[The task] Make an exact copy of the lines from the top of the entries below through the line with "blk = doc.blocks.new('*D112')". Leave all pictures out.

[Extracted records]
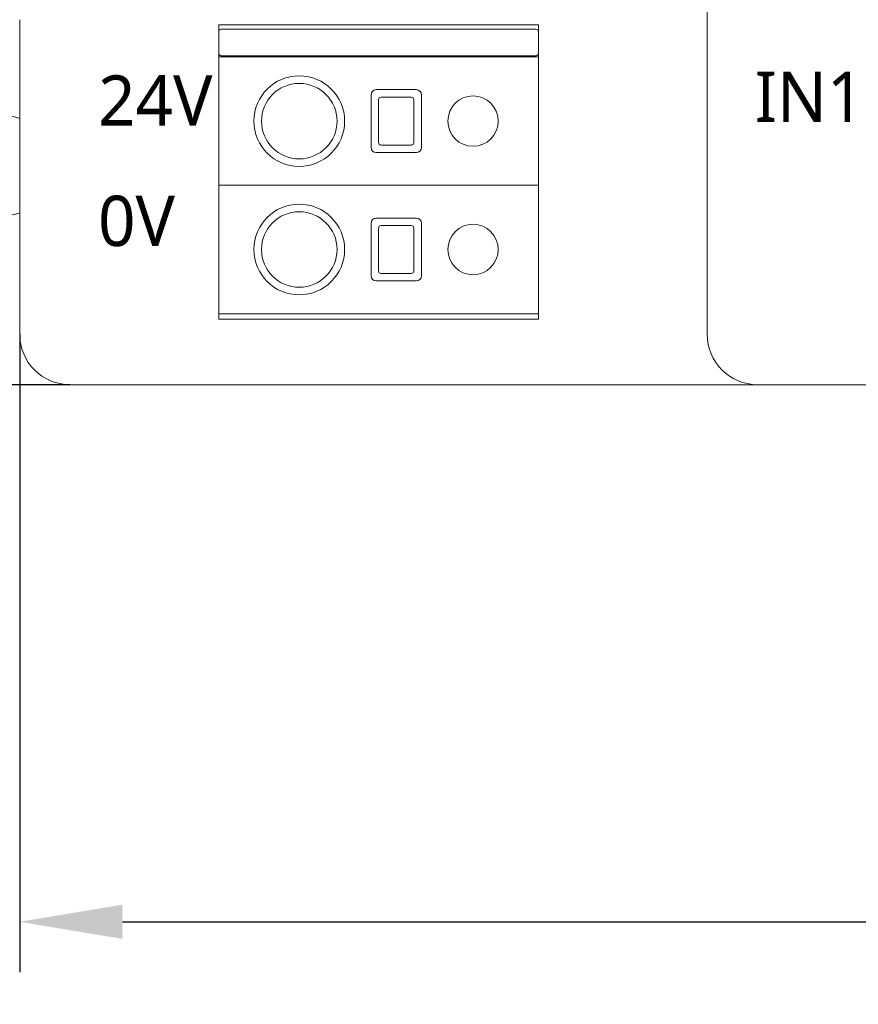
# Model space of a CAD drawing. Header units: millimetres. Extents: x 2293 to 4250, y -591 to 894.
# Tile 17 of 117: x 3464 to 3497, y 92 to 131. Entities that reach past the tile are written whole.
import ezdxf

# ---------------------------------------------------------------- set-up
doc = ezdxf.new("R2010")
doc.units = ezdxf.units.MM
doc.header["$PDSIZE"] = -1
doc.layers.add('1', color=7, linetype='Continuous', lineweight=13)
doc.dimstyles.new('ISO-25', dxfattribs={"dimtxt": 2.5, "dimasz": 2.5, "dimexe": 1.25, "dimexo": 0.625, "dimtad": 1, "dimtxsty": 'Standard', "dimcen": 2.5, "dimadec": 0, "dimazin": 0, "dimtfac": 1, "dimtmove": 0, "dimatfit": 3, "dimfxl": 1, "dimarcsym": 0})

# ---------------------------------------------------------------- blocks, each defined once
blk = doc.blocks.new('*D112')
at = {"color": 0, "lineweight": -2}
for p, q in [((3463.945, 118.506), (3463.945, 93.169)), ((3624.245, 118.506), (3624.245, 93.169)), ((3468.025, 95.169), (3620.165, 95.169))]:
    blk.add_line(p, q, dxfattribs=at)
at = {"color": 0}
for points in [[(3468.025, 95.849), (3468.025, 94.489), (3463.945, 95.169)], [(3620.165, 94.489), (3620.165, 95.849), (3624.245, 95.169)]]:
    blk.add_solid(points, dxfattribs=at)
at = {"layer": 'Defpoints', "color": 0}
for p in [(3463.945, 118.506), (3624.245, 118.506), (3624.245, 95.169)]:
    blk.add_point(p, dxfattribs=at)
at = {"color": 0, "insert": (3544.095, 98.735), "char_height": 3.5, "attachment_point": 5}
blk.add_mtext('160,3%%p0,5', dxfattribs=at)
blk = doc.blocks.new('*D113')
at = {"color": 0, "lineweight": -2}
for p, q in [((3465.945, 168.906), (3426.22, 168.906)), ((3428.22, 164.826), (3428.22, 146.271)), ((3428.22, 120.586), (3428.22, 139.14)), ((3465.945, 116.506), (3426.22, 116.506))]:
    blk.add_line(p, q, dxfattribs=at)
at = {"color": 0}
for points in [[(3428.9, 164.826), (3427.54, 164.826), (3428.22, 168.906)], [(3427.54, 120.586), (3428.9, 120.586), (3428.22, 116.506)]]:
    blk.add_solid(points, dxfattribs=at)
at = {"layer": 'Defpoints', "color": 0}
for p in [(3428.22, 168.906), (3465.945, 168.906), (3465.945, 116.506)]:
    blk.add_point(p, dxfattribs=at)
at = {"color": 0, "insert": (3428.22, 142.706), "char_height": 3.5, "attachment_point": 5}
blk.add_mtext('52,4%%p0,2', dxfattribs=at)
blk = doc.blocks.new('*D114')
at = {"color": 0, "lineweight": -2}
for p, q in [((3626.945, 160.206), (3450.102, 160.206)), ((3452.102, 156.126), (3452.102, 145.98)), ((3452.102, 129.286), (3452.102, 139.432)), ((3461.245, 125.206), (3450.102, 125.206))]:
    blk.add_line(p, q, dxfattribs=at)
at = {"color": 0}
for points in [[(3452.782, 156.126), (3451.422, 156.126), (3452.102, 160.206)], [(3451.422, 129.286), (3452.782, 129.286), (3452.102, 125.206)]]:
    blk.add_solid(points, dxfattribs=at)
at = {"layer": 'Defpoints', "color": 0}
for p in [(3452.102, 160.206), (3626.945, 160.206), (3461.245, 125.206)]:
    blk.add_point(p, dxfattribs=at)
at = {"color": 0, "insert": (3452.102, 142.706), "char_height": 3.5, "attachment_point": 5}
blk.add_mtext('(35)', dxfattribs=at)
blk = doc.blocks.new('*D115')
at = {"color": 0, "lineweight": -2}
for p, q in [((3626.945, 160.206), (3626.945, 79.056)), ((3461.245, 125.206), (3461.245, 79.056)), ((3465.325, 81.056), (3622.865, 81.056))]:
    blk.add_line(p, q, dxfattribs=at)
at = {"color": 0}
for points in [[(3465.325, 81.736), (3465.325, 80.376), (3461.245, 81.056)], [(3622.865, 80.376), (3622.865, 81.736), (3626.945, 81.056)]]:
    blk.add_solid(points, dxfattribs=at)
at = {"layer": 'Defpoints', "color": 0}
for p in [(3626.945, 160.206), (3461.245, 125.206), (3626.945, 81.056)]:
    blk.add_point(p, dxfattribs=at)
at = {"color": 0, "insert": (3544.095, 84.622), "char_height": 3.5, "attachment_point": 5}
blk.add_mtext('(165,7)', dxfattribs=at)

msp = doc.modelspace()

# ---------------------------------------------------------------- linework, layer by layer
at = {"layer": '1', "color": 7, "linetype": 'Continuous', "lineweight": 18}
for p, q in [((3491.245, 156.206), (3491.245, 118.506)), ((3463.945, 118.506), (3463.945, 131.006)), ((3471.845, 119.106), (3471.845, 130.806)), ((3484.545, 130.806), (3471.845, 130.806)), ((3484.545, 119.106), (3484.545, 130.806)), ((3471.945, 130.626), (3472.345, 130.626)), ((3472.345, 130.626), (3484.045, 130.626)), ((3484.045, 130.626), (3484.445, 130.626)), ((3471.845, 129.526), (3472.345, 129.526)), ((3471.945, 129.576), (3472.345, 129.576)), ((3472.345, 129.576), (3484.045, 129.576)), ((3484.045, 129.526), (3472.345, 129.526)), ((3484.045, 129.576), (3484.445, 129.576)), ((3484.045, 129.526), (3484.545, 129.526)), ((3477.895, 128.026), (3477.895, 125.926)), ((3479.695, 128.226), (3478.095, 128.226)), ((3478.295, 127.926), (3479.495, 127.926)), ((3479.895, 125.926), (3479.895, 128.026)), ((3478.195, 126.126), (3478.195, 127.826)), ((3479.595, 127.826), (3479.595, 126.126)), ((3479.495, 126.026), (3478.295, 126.026)), ((3478.095, 125.726), (3479.695, 125.726)), ((3472.345, 124.426), (3471.845, 124.426)), ((3471.845, 124.426), (3472.345, 124.426)), ((3484.045, 124.426), (3472.345, 124.426)), ((3484.045, 124.426), (3472.345, 124.426)), ((3484.545, 124.426), (3484.045, 124.426)), ((3484.045, 124.426), (3484.545, 124.426)), ((3477.895, 122.926), (3477.895, 120.826)), ((3479.695, 123.126), (3478.095, 123.126)), ((3478.295, 122.826), (3479.495, 122.826)), ((3479.895, 120.826), (3479.895, 122.926)), ((3478.195, 121.026), (3478.195, 122.726)), ((3479.595, 122.726), (3479.595, 121.026)), ((3479.495, 120.926), (3478.295, 120.926)), ((3478.095, 120.626), (3479.695, 120.626)), ((3472.345, 119.326), (3471.845, 119.326)), ((3484.045, 119.326), (3472.345, 119.326)), ((3484.545, 119.326), (3484.045, 119.326)), ((3484.545, 119.106), (3471.845, 119.106)), ((3490.416, 116.506), (3465.945, 116.506)), ((3493.245, 116.506), (3622.245, 116.506))]:
    msp.add_line(p, q, dxfattribs=at)
at = {"layer": '1', "color": 92, "linetype": 'Continuous', "lineweight": 13}
for p, q in [((3463.945, 118.506), (3463.945, 131.006)), ((3484.045, 130.626), (3472.345, 130.626)), ((3472.345, 129.576), (3484.045, 129.576)), ((3477.895, 125.926), (3477.895, 128.026)), ((3478.095, 128.226), (3479.695, 128.226)), ((3479.495, 127.926), (3478.295, 127.926)), ((3478.295, 127.926), (3479.495, 127.926)), ((3479.895, 128.026), (3479.895, 125.926)), ((3478.195, 127.826), (3478.195, 126.126)), ((3478.195, 126.126), (3478.195, 127.826)), ((3479.595, 127.826), (3479.595, 126.126)), ((3479.595, 126.126), (3479.595, 127.826)), ((3479.495, 126.026), (3478.295, 126.026)), ((3478.295, 126.026), (3479.495, 126.026)), ((3479.695, 125.726), (3478.095, 125.726)), ((3477.895, 120.826), (3477.895, 122.926)), ((3478.095, 123.126), (3479.695, 123.126)), ((3479.495, 122.826), (3478.295, 122.826)), ((3478.295, 122.826), (3479.495, 122.826)), ((3478.195, 122.726), (3478.195, 121.026)), ((3478.195, 121.026), (3478.195, 122.726)), ((3479.595, 122.726), (3479.595, 121.026)), ((3479.595, 121.026), (3479.595, 122.726)), ((3479.495, 120.926), (3478.295, 120.926)), ((3478.295, 120.926), (3479.495, 120.926)), ((3490.416, 116.506), (3465.945, 116.506)), ((3493.245, 116.506), (3622.245, 116.506))]:
    msp.add_line(p, q, dxfattribs=at)
at = {"layer": '1', "color": 7, "linetype": 'Continuous', "lineweight": 18}
for centre, radius, start, end in [((3471.945, 130.526), 0.1, 90, 180), ((3484.445, 130.526), 0.1, 0, 90), ((3471.945, 129.676), 0.1, 180, 270), ((3484.445, 129.676), 0.1, 270, 0), ((3475.045, 126.976), 1.8, 0, 180), ((3475.045, 126.976), 1.5, 0, 180), ((3478.095, 128.026), 0.2, 90, 180), ((3478.295, 127.826), 0.1, 90, 180), ((3479.495, 127.826), 0.1, 0, 90), ((3479.695, 128.026), 0.2, 0, 90), ((3481.945, 126.976), 1, 0, 180), ((3463.245, 125.206), 2, 69.51, 120), ((3475.045, 126.976), 1.8, 180, 0), ((3475.045, 126.976), 1.5, 180, 270), ((3475.045, 126.976), 1.5, 270, 0), ((3481.945, 126.976), 1, 180, 0), ((3478.295, 126.126), 0.1, 180, 270), ((3479.495, 126.126), 0.1, 270, 0), ((3478.095, 125.926), 0.2, 180, 270), ((3479.695, 125.926), 0.2, 270, 0), ((3475.045, 121.876), 1.8, 0, 180), ((3463.245, 125.206), 2, 240, 290.49), ((3475.045, 121.876), 1.5, 0, 180), ((3478.095, 122.926), 0.2, 90, 180), ((3478.295, 122.726), 0.1, 90, 180), ((3479.495, 122.726), 0.1, 0, 90), ((3479.695, 122.926), 0.2, 0, 90), ((3481.945, 121.876), 1, 0, 180), ((3475.045, 121.876), 1.8, 180, 0), ((3475.045, 121.876), 1.5, 180, 270), ((3475.045, 121.876), 1.5, 270, 0), ((3481.945, 121.876), 1, 180, 0), ((3478.295, 121.026), 0.1, 180, 270), ((3479.495, 121.026), 0.1, 270, 0), ((3478.095, 120.826), 0.2, 180, 270), ((3479.695, 120.826), 0.2, 270, 0), ((3465.945, 118.506), 2, 180, 270), ((3493.245, 118.506), 2, 180, 270)]:
    msp.add_arc(centre, radius, start, end, dxfattribs=at)
at = {"layer": '1', "color": 92, "linetype": 'Continuous', "lineweight": 13}
for centre, radius, start, end in [((3478.095, 128.026), 0.2, 90, 180), ((3478.295, 127.826), 0.1, 90, 180), ((3479.495, 127.826), 0.1, 0, 90), ((3479.695, 128.026), 0.2, 0, 90), ((3478.295, 126.126), 0.1, 180, 270), ((3479.495, 126.126), 0.1, 270, 0), ((3478.095, 125.926), 0.2, 180, 270), ((3479.695, 125.926), 0.2, 270, 0), ((3478.095, 122.926), 0.2, 90, 180), ((3478.295, 122.726), 0.1, 90, 180), ((3479.495, 122.726), 0.1, 0, 90), ((3479.695, 122.926), 0.2, 0, 90), ((3478.295, 121.026), 0.1, 180, 270), ((3479.495, 121.026), 0.1, 270, 0), ((3478.095, 120.826), 0.2, 180, 270), ((3479.695, 120.826), 0.2, 270, 0), ((3465.945, 118.506), 2, 180, 270), ((3493.245, 118.506), 2, 180, 270)]:
    msp.add_arc(centre, radius, start, end, dxfattribs=at)
at = {"layer": '1', "color": 7, "linetype": 'Continuous', "lineweight": 18}
msp.add_open_spline([(3493.245, 116.506), (3493.234, 116.506), (3493.223, 116.506), (3493.201, 116.506), (3493.168, 116.506), (3493.136, 116.506), (3493.07, 116.506), (3493.026, 116.506), (3492.936, 116.506), (3492.891, 116.506), (3492.799, 116.506), (3492.752, 116.506), (3492.514, 116.506), (3492.308, 116.506), (3492.016, 116.506), (3491.956, 116.506), (3491.863, 116.506), (3491.832, 116.506), (3491.769, 116.506), (3491.737, 116.506), (3491.575, 116.506), (3491.44, 116.506), (3491.265, 116.506), (3491.229, 116.506), (3491.158, 116.506), (3491.121, 116.506), (3491.012, 116.506), (3490.939, 116.506), (3490.718, 116.506), (3490.568, 116.506), (3490.416, 116.506)], degree=3, knots=[0, 0, 0, 0, 0.015625, 0.015625, 0.03125, 0.0625, 0.0625, 0.125, 0.125, 0.1875, 0.1875, 0.25, 0.25, 0.5, 0.5, 0.5625, 0.5625, 0.59375, 0.59375, 0.625, 0.625, 0.75, 0.75, 0.78125, 0.78125, 0.8125, 0.8125, 0.875, 0.875, 1, 1, 1, 1], dxfattribs=at)

# ---------------------------------------------------------------- texts
at = {"char_height": 2, "width": 4.70852, "attachment_point": 1}
for s, insert in [('{\\f@Microsoft YaHei|b0|i0|c134|p34;24V}', (3467.055, 128.794)), ('{\\f@Microsoft YaHei|b0|i0|c134|p34;IN1}', (3493.132, 128.945)), ('{\\f@Microsoft YaHei|b0|i0|c134|p34;0V}', (3467.055, 124.013))]:
    msp.add_mtext(s, dxfattribs=dict(at, insert=insert))

# ---------------------------------------------------------------- dimensions: what is measured, and where the dimension line sits
at = {"color": 1}
dim = msp.add_linear_dim(base=(3428.22, 168.906), p1=(3465.945, 116.506), p2=(3465.945, 168.906), angle=90, dimstyle='ISO-25', override={"dimtxt": 3.5, "dimasz": 4.08, "dimexe": 2, "dimexo": 0, "dimgap": 1.524, "dimtad": 1, "dimtih": 1, "dimtoh": 1, "dimdec": 1, "dimzin": 0, "dimadec": 2, "dimtol": 1, "dimlim": 0, "dimtp": 0.2, "dimtm": 0.2, "dimtdec": 1, "dimtzin": 0}, dxfattribs=at)
dim.commit()
dim.dimension.update_dxf_attribs({"geometry": '*D113', "text_midpoint": (3428.22, 142.706), "dimtype": 160})
dim = msp.add_linear_dim(base=(3452.102, 160.206), p1=(3461.245, 125.206), p2=(3626.945, 160.206), angle=90, text='(<>)', dimstyle='ISO-25', override={"dimtxt": 3.5, "dimasz": 4.08, "dimexe": 2, "dimexo": 0, "dimgap": 1.524, "dimtih": 1, "dimtoh": 1, "dimdec": 0, "dimzin": 0, "dimtxsty": 'Standard', "dimadec": 2, "dimtzin": 0}, dxfattribs=at)
dim.commit()
dim.dimension.update_dxf_attribs({"geometry": '*D114', "text_midpoint": (3452.102, 142.706), "dimtype": 160})
dim = msp.add_linear_dim(base=(3626.945, 81.056), p1=(3461.245, 125.206), p2=(3626.945, 160.206), text='(<>)', dimstyle='ISO-25', override={"dimtxt": 3.5, "dimasz": 4.08, "dimexe": 2, "dimexo": 0, "dimgap": 1.524, "dimtih": 1, "dimtoh": 1, "dimdec": 1, "dimzin": 0, "dimtxsty": 'Standard', "dimadec": 2, "dimtzin": 0}, dxfattribs=at)
dim.commit()
dim.dimension.update_dxf_attribs({"geometry": '*D115', "text_midpoint": (3544.095, 81.056), "dimtype": 160})
dim = msp.add_linear_dim(base=(3624.245, 95.169), p1=(3463.945, 118.506), p2=(3624.245, 118.506), dimstyle='ISO-25', override={"dimtxt": 3.5, "dimasz": 4.08, "dimexe": 2, "dimexo": 0, "dimgap": 1.524, "dimtih": 1, "dimtoh": 1, "dimdec": 1, "dimzin": 0, "dimadec": 2, "dimtol": 1, "dimlim": 0, "dimtp": 0.5, "dimtm": 0.5, "dimtdec": 1, "dimtzin": 0}, dxfattribs=at)
dim.commit()
dim.dimension.update_dxf_attribs({"geometry": '*D112', "text_midpoint": (3544.095, 95.169), "dimtype": 160})

doc.saveas('drawing.dxf')

[Solution]
# Model space of a CAD drawing. Header units: millimetres. Extents: x 2293 to 4250, y -591 to 894.
# Tile 17 of 117: x 3464 to 3497, y 92 to 131. Entities that reach past the tile are written whole.
import ezdxf

# ---------------------------------------------------------------- set-up
doc = ezdxf.new("R2010")
doc.units = ezdxf.units.MM
doc.header["$PDSIZE"] = -1
doc.layers.add('1', color=7, linetype='Continuous', lineweight=13)
doc.dimstyles.new('ISO-25', dxfattribs={"dimtxt": 2.5, "dimasz": 2.5, "dimexe": 1.25, "dimexo": 0.625, "dimtad": 1, "dimtxsty": 'Standard', "dimcen": 2.5, "dimadec": 0, "dimazin": 0, "dimtfac": 1, "dimtmove": 0, "dimatfit": 3, "dimfxl": 1, "dimarcsym": 0})

# ---------------------------------------------------------------- blocks, each defined once
blk = doc.blocks.new('*D112')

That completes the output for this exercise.